WiFi Motion Detector

This little project had the goal to turn a cheap, simple 230V motion detector into a WiFi-enabled device that connects to the rest of my home since devices that come with built in WiFi are quite expensive. I found a motion sensor that has enough room for my own little board in its housing. It has a built in relay that pulls one of the three wires inside to 230V AC which means that I had to deal with that. I found several ways to achieve that but decided for one of the simplest variants:

A full bridge rectifier (ABS10 since I have lots of them), a 390kΩ resistor which of course has to be able to handle the voltage and a PC817 photocoupler. The resistor I use is rated for 500 volts which is enough to handle the round about 320V peak voltage it will encounter.

The output of the photocoupler gets a pullup resistor to 3.3V and a smoothing capacitor of 1µF to get a steady signal. Now, as soon as the input gets 230V AC, the GPIO of my ESP-01 will be pulled down. I will come back to this…
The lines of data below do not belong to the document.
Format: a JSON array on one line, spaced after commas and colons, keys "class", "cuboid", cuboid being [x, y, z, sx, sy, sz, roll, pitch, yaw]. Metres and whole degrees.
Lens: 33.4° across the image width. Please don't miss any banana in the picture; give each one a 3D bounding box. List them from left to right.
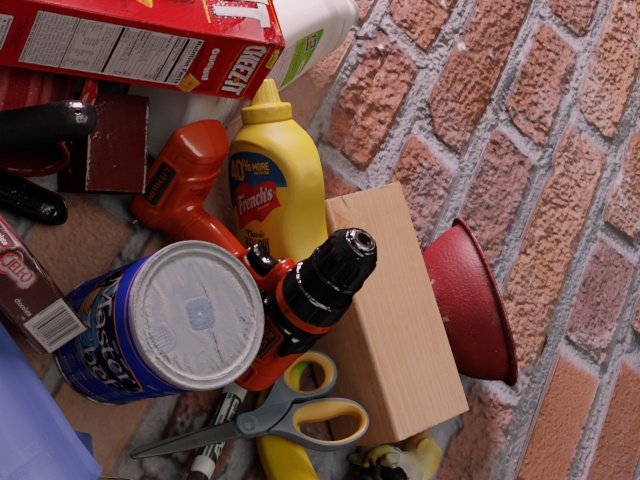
[{"class": "banana", "cuboid": [-0.011, 0.183, 0.864, 0.069, 0.037, 0.198, -18, 67, -2]}]

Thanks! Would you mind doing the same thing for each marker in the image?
[{"class": "marker", "cuboid": [-0.084, 0.159, 0.834, 0.020, 0.020, 0.121, 43, 41, -20]}]

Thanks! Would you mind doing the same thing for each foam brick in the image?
[{"class": "foam brick", "cuboid": [-0.167, -0.074, 0.822, 0.051, 0.053, 0.078, 2, 90, -36]}]

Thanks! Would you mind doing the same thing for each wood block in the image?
[{"class": "wood block", "cuboid": [0.041, 0.065, 0.926, 0.090, 0.090, 0.206, -16, 88, -38]}]

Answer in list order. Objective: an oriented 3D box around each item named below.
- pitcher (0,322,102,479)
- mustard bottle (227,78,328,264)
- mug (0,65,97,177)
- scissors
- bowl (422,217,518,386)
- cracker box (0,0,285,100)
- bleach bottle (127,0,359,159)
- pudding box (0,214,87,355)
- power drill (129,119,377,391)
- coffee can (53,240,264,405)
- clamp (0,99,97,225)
[{"class": "pitcher", "cuboid": [-0.261, 0.091, 0.675, 0.145, 0.149, 0.243, -31, 94, -5]}, {"class": "mustard bottle", "cuboid": [-0.035, -0.034, 0.866, 0.058, 0.096, 0.191, -12, 100, -36]}, {"class": "mug", "cuboid": [-0.212, -0.104, 0.772, 0.093, 0.117, 0.081, 41, 48, -54]}, {"class": "scissors", "cuboid": [-0.055, 0.129, 0.847, 0.201, 0.016, 0.096, 6, 54, -24]}, {"class": "bowl", "cuboid": [0.125, 0.063, 0.973, 0.055, 0.162, 0.162, -17, 89, -3]}, {"class": "cracker box", "cuboid": [-0.145, -0.196, 0.769, 0.213, 0.072, 0.164, 4, 56, -31]}, {"class": "bleach bottle", "cuboid": [-0.053, -0.157, 0.919, 0.068, 0.103, 0.250, 44, 46, 11]}, {"class": "pudding box", "cuboid": [-0.212, 0.016, 0.719, 0.039, 0.090, 0.113, -35, 146, -12]}, {"class": "power drill", "cuboid": [-0.055, 0.001, 0.807, 0.057, 0.185, 0.188, -19, 67, -47]}, {"class": "coffee can", "cuboid": [-0.121, 0.063, 0.775, 0.102, 0.141, 0.103, 10, 73, -34]}, {"class": "clamp", "cuboid": [-0.255, -0.063, 0.715, 0.209, 0.165, 0.036, 10, 63, -24]}]
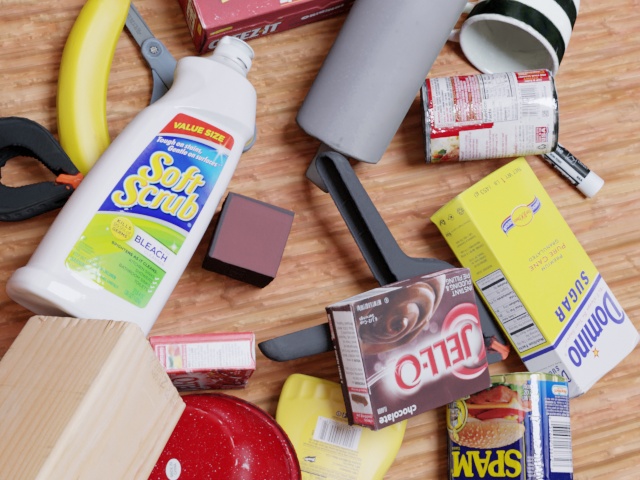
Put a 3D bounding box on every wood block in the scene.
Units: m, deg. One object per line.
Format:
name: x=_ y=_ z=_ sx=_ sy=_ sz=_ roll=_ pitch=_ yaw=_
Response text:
wood block: x=-0.177 y=0.152 z=0.655 sx=0.091 sy=0.090 sz=0.206 roll=1 pitch=44 yaw=27

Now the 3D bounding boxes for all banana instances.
banana: x=-0.167 y=-0.104 z=0.815 sx=0.069 sy=0.037 sz=0.198 roll=-7 pitch=87 yaw=-18

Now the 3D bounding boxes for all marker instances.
marker: x=0.184 y=-0.081 z=0.885 sx=0.121 sy=0.020 sz=0.020 roll=41 pitch=76 yaw=-1

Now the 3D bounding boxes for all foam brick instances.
foam brick: x=-0.055 y=0.001 z=0.798 sx=0.053 sy=0.078 sz=0.051 roll=18 pitch=79 yaw=-6

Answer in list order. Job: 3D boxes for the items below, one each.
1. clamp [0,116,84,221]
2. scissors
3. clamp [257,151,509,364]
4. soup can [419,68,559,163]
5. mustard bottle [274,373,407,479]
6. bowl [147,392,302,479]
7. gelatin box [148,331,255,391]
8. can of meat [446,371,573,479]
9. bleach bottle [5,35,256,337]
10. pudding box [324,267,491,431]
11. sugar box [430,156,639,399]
clamp: x=-0.258 y=-0.051 z=0.783 sx=0.171 sy=0.039 sz=0.120 roll=22 pitch=84 yaw=10
scissors: x=-0.139 y=-0.130 z=0.838 sx=0.202 sy=0.016 sz=0.096 roll=42 pitch=76 yaw=0
clamp: x=0.052 y=0.053 z=0.794 sx=0.209 sy=0.036 sz=0.164 roll=35 pitch=63 yaw=-22
soup can: x=0.131 y=-0.098 z=0.841 sx=0.102 sy=0.068 sz=0.068 roll=-4 pitch=80 yaw=4
mustard bottle: x=-0.005 y=0.201 z=0.779 sx=0.096 sy=0.058 sz=0.191 roll=16 pitch=77 yaw=1
bowl: x=-0.096 y=0.167 z=0.734 sx=0.162 sy=0.055 sz=0.162 roll=-6 pitch=55 yaw=8
gelatin box: x=-0.087 y=0.090 z=0.769 sx=0.073 sy=0.089 sz=0.030 roll=-1 pitch=73 yaw=-10
can of meat: x=0.139 y=0.144 z=0.794 sx=0.057 sy=0.102 sz=0.084 roll=10 pitch=74 yaw=-37
bleach bottle: x=-0.120 y=-0.047 z=0.772 sx=0.102 sy=0.068 sz=0.250 roll=34 pitch=67 yaw=-22
pudding box: x=0.064 y=0.074 z=0.753 sx=0.113 sy=0.039 sz=0.090 roll=-14 pitch=94 yaw=-32
sugar box: x=0.170 y=0.030 z=0.834 sx=0.093 sy=0.048 sz=0.176 roll=-31 pitch=84 yaw=-38
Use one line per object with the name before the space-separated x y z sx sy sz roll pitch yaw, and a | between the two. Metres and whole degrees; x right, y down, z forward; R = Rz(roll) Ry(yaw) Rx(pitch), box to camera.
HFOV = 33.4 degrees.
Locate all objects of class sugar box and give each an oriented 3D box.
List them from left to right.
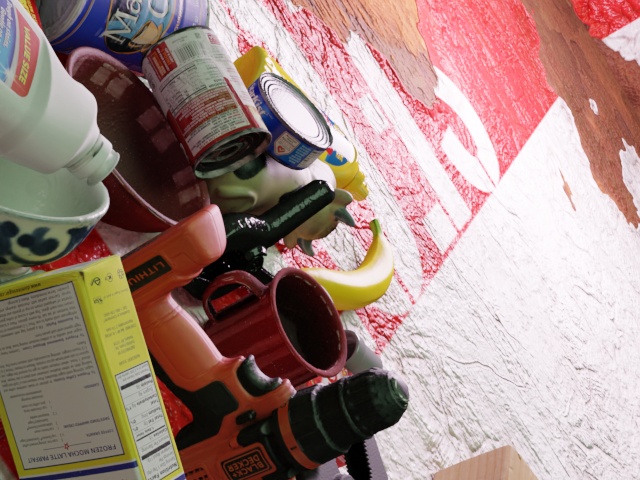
sugar box | -0.136 0.104 0.617 0.048 0.093 0.176 -26 101 -60

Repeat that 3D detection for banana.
banana | 0.031 0.035 1.050 0.069 0.037 0.197 50 28 4

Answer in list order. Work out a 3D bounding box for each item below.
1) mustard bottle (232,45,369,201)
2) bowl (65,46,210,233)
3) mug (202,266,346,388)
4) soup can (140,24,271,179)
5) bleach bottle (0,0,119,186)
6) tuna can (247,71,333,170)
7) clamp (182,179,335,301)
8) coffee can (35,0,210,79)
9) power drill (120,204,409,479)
mustard bottle | -0.016 -0.103 1.072 0.191 0.058 0.096 43 28 -30
bowl | -0.153 -0.063 0.800 0.162 0.055 0.162 51 18 -24
mug | -0.046 0.071 0.839 0.117 0.082 0.093 47 31 -25
soup can | -0.091 -0.109 0.840 0.068 0.069 0.102 -5 64 -59
bleach bottle | -0.214 -0.129 0.624 0.250 0.068 0.102 45 35 -29
tuna can | -0.031 -0.101 0.912 0.086 0.034 0.086 38 25 -22
clamp | -0.056 0.001 0.867 0.039 0.120 0.171 33 19 27
coffee can | -0.172 -0.192 0.854 0.140 0.103 0.103 9 57 -56
power drill | -0.056 0.074 0.707 0.187 0.185 0.057 60 23 -7
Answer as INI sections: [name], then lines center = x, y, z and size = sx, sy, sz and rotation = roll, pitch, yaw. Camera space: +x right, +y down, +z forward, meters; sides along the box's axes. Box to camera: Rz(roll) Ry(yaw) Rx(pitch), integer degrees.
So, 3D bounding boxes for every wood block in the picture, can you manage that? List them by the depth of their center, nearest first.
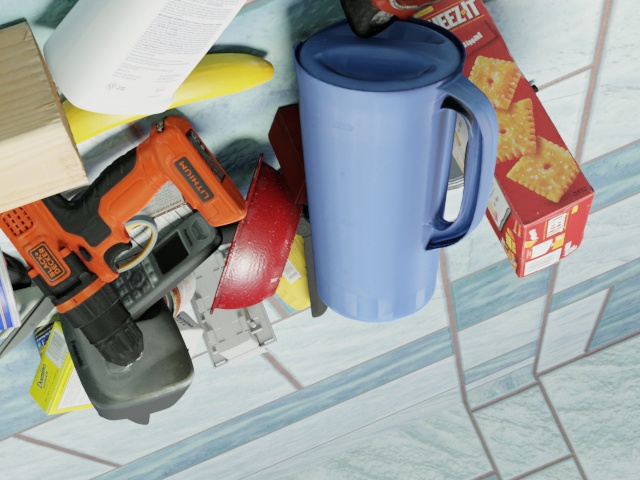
[wood block]
center = -0.276, -0.060, 0.725
size = 0.206, 0.091, 0.090
rotation = -20, 159, -8

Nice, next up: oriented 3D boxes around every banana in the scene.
[banana]
center = -0.130, -0.114, 0.833
size = 0.197, 0.037, 0.070
rotation = -19, 178, -6

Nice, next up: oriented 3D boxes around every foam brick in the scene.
[foam brick]
center = -0.008, -0.082, 0.980
size = 0.051, 0.078, 0.053
rotation = -13, 158, -21

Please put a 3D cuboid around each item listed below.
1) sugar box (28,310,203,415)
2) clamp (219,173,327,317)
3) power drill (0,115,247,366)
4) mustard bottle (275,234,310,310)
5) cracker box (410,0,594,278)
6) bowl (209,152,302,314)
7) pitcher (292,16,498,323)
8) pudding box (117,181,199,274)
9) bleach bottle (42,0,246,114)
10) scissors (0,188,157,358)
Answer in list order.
[sugar box]
center = -0.214, 0.127, 1.136
size = 0.175, 0.048, 0.093
rotation = -2, 124, -52
[clamp]
center = -0.011, -0.014, 1.116
size = 0.164, 0.036, 0.210
rotation = 37, 122, -16
[power drill]
center = -0.158, -0.003, 0.909
size = 0.188, 0.184, 0.057
rotation = -33, -165, 8
[mustard bottle]
center = 0.015, -0.007, 1.173
size = 0.192, 0.096, 0.058
rotation = -38, 176, 35
[cracker box]
center = 0.157, -0.091, 0.936
size = 0.072, 0.214, 0.164
rotation = -25, 161, 1
[bowl]
center = -0.057, 0.001, 1.019
size = 0.055, 0.162, 0.162
rotation = 18, 152, -4
[pitcher]
center = 0.055, -0.049, 0.877
size = 0.145, 0.149, 0.243
rotation = -5, 126, -4
[pudding box]
center = -0.170, -0.014, 1.039
size = 0.113, 0.039, 0.090
rotation = -26, 159, 3
[bleach bottle]
center = -0.072, -0.181, 0.680
size = 0.251, 0.068, 0.102
rotation = -40, 163, 32
[scissors]
center = -0.245, 0.026, 0.986
size = 0.202, 0.016, 0.096
rotation = -32, 116, 4
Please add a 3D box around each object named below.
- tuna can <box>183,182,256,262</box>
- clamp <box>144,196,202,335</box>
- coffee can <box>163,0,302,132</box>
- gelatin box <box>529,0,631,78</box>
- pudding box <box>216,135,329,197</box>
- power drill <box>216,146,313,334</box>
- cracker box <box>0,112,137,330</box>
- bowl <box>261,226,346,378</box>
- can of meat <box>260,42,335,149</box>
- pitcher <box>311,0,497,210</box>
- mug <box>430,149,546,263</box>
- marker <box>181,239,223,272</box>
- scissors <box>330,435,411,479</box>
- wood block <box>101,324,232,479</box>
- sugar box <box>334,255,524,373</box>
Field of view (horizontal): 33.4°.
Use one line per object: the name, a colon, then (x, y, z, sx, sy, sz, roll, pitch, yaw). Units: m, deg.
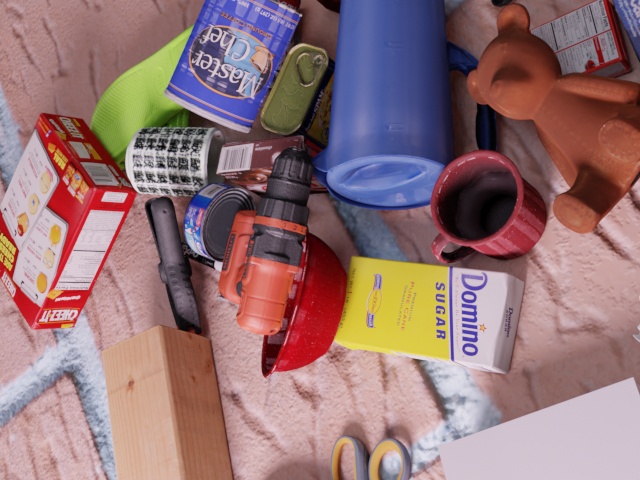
tuna can: (-0.112, -0.021, 1.191, 0.034, 0.086, 0.086, 18, 85, 38)
clamp: (-0.164, 0.027, 1.193, 0.039, 0.120, 0.171, -17, 87, -7)
coffee can: (-0.094, -0.200, 1.147, 0.103, 0.102, 0.140, 32, 102, 36)
gelatin box: (0.250, -0.185, 1.038, 0.089, 0.030, 0.073, -21, 63, 28)
pudding box: (-0.041, -0.078, 1.160, 0.114, 0.089, 0.039, -1, 73, 34)
power drill: (-0.057, 0.001, 1.095, 0.188, 0.057, 0.184, 170, 115, -79)
cracker box: (-0.322, -0.023, 1.312, 0.164, 0.071, 0.214, 48, 120, 35)
bowl: (-0.013, 0.067, 1.086, 0.162, 0.055, 0.162, -166, 90, -80)
can of meat: (-0.007, -0.151, 1.164, 0.058, 0.083, 0.102, 23, 88, 37)
pitcher: (0.083, -0.161, 1.092, 0.145, 0.149, 0.243, -19, 61, 44)
mug: (0.156, -0.021, 1.015, 0.117, 0.081, 0.093, -47, 55, 12)
marker: (-0.149, 0.013, 1.246, 0.121, 0.020, 0.020, 20, 87, 36)
scissors: (0.059, 0.278, 1.023, 0.096, 0.016, 0.202, -29, 61, 26)
wood block: (-0.164, 0.208, 1.150, 0.091, 0.090, 0.206, -25, 63, 26)
sugar box: (0.104, 0.070, 1.043, 0.177, 0.048, 0.093, 4, 77, 36)
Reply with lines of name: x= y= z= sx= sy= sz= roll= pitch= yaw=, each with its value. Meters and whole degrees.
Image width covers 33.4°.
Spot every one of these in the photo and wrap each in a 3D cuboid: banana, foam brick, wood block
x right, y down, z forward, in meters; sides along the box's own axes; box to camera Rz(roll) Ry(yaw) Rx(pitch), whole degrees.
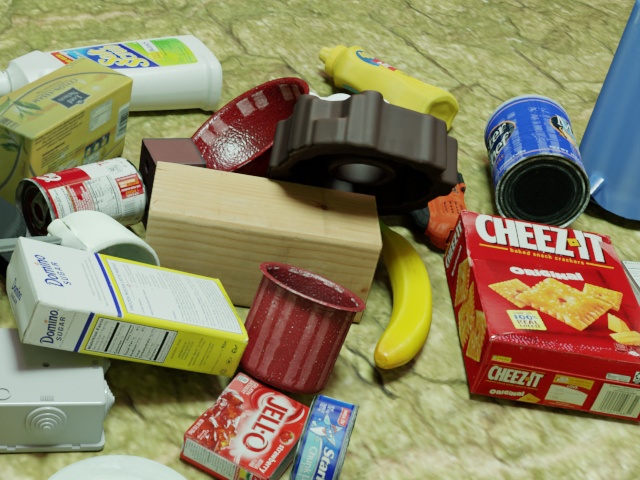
banana: x=0.073 y=0.055 z=0.990 sx=0.069 sy=0.037 sz=0.198 roll=18 pitch=36 yaw=-16
foam brick: x=-0.147 y=-0.055 z=1.036 sx=0.051 sy=0.078 sz=0.053 roll=-5 pitch=36 yaw=-25
wood block: x=-0.056 y=0.001 z=0.979 sx=0.206 sy=0.090 sz=0.091 roll=9 pitch=33 yaw=-8

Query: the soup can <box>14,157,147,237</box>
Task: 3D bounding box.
soup can: x=-0.220 y=-0.035 z=0.987 sx=0.102 sy=0.069 sz=0.069 roll=-19 pitch=46 yaw=-39

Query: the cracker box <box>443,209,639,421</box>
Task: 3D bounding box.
cracker box: x=0.213 y=0.063 z=1.004 sx=0.164 sy=0.072 sz=0.213 roll=10 pitch=33 yaw=-7

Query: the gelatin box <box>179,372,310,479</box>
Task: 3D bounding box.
gelatin box: x=-0.053 y=0.148 z=0.819 sx=0.073 sy=0.030 sz=0.089 roll=25 pitch=35 yaw=15

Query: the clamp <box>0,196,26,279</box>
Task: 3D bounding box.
clamp: x=-0.286 y=0.008 z=0.925 sx=0.120 sy=0.039 sz=0.171 roll=6 pitch=36 yaw=-7

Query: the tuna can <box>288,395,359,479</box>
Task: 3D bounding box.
tuna can: x=0.001 y=0.157 z=0.777 sx=0.034 sy=0.086 sz=0.086 roll=16 pitch=34 yaw=5

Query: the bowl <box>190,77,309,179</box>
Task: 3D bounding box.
bowl: x=-0.067 y=-0.098 z=1.107 sx=0.162 sy=0.055 sz=0.162 roll=-27 pitch=31 yaw=17

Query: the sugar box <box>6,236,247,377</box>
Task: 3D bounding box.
sugar box: x=-0.151 y=0.054 z=0.832 sx=0.176 sy=0.048 sz=0.093 roll=12 pitch=24 yaw=-30

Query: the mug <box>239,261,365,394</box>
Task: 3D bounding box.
mug: x=-0.019 y=0.071 z=0.886 sx=0.093 sy=0.081 sz=0.117 roll=22 pitch=10 yaw=2

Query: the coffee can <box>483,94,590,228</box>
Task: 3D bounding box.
coffee can: x=0.242 y=-0.088 z=1.207 sx=0.102 sy=0.103 sz=0.140 roll=11 pitch=34 yaw=-5

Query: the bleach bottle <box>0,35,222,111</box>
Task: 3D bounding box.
bleach bottle: x=-0.244 y=-0.180 z=1.197 sx=0.250 sy=0.068 sz=0.103 roll=-11 pitch=41 yaw=-29

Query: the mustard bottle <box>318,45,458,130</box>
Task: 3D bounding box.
mustard bottle: x=0.074 y=-0.196 z=1.333 sx=0.192 sy=0.058 sz=0.096 roll=32 pitch=15 yaw=27

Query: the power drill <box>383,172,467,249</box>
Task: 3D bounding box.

As always, I designed a little board around this rather simple schematic. I am using the very common HLK-PM03 which is a very compact switched power supply with a 3.3V 1A output. Adding a couple capacitors to smooth the voltage for the ESP and a slow blow 200mA fuse on the input just in case completes the setup.

Now, the ESP-01 has two available GPIOs – 0 and 2. Since the built in LED is on 2 I used that one to connect the motoin sensor as it will give me some simple visual feedback. What I did not know when desining this board, is that the motion sensor immidately switches on when it gets power. Which also means that GPIO 2 was pulled down on boot. And since that is part of the boot mode configuration my little device failed miserably the first time I powered it on. The ESP would not boot anymore. I am sure at some point I will learn to not make this kind of mistake. But in this case it was at least easy to fix by cutting of the GPIO2 pin of the ESP and soldering a little wire between two pins to connect the motion sensor to the serial TX pin which is also GPIO1 and can be used as long as no serial communication is needed – and that one is not used by the bootloader.

Of course I already fixed that mistake in my schematics and if I ever order more of these boards they will be correct. For now I am fine with the fix since it won’t be visible once mounted…

After everything worked as it should I flashed the ESP with Tasmota which makes it extremely easy to integrate the motion sensor into my home automation and which is running on several other ESP based devices here by now.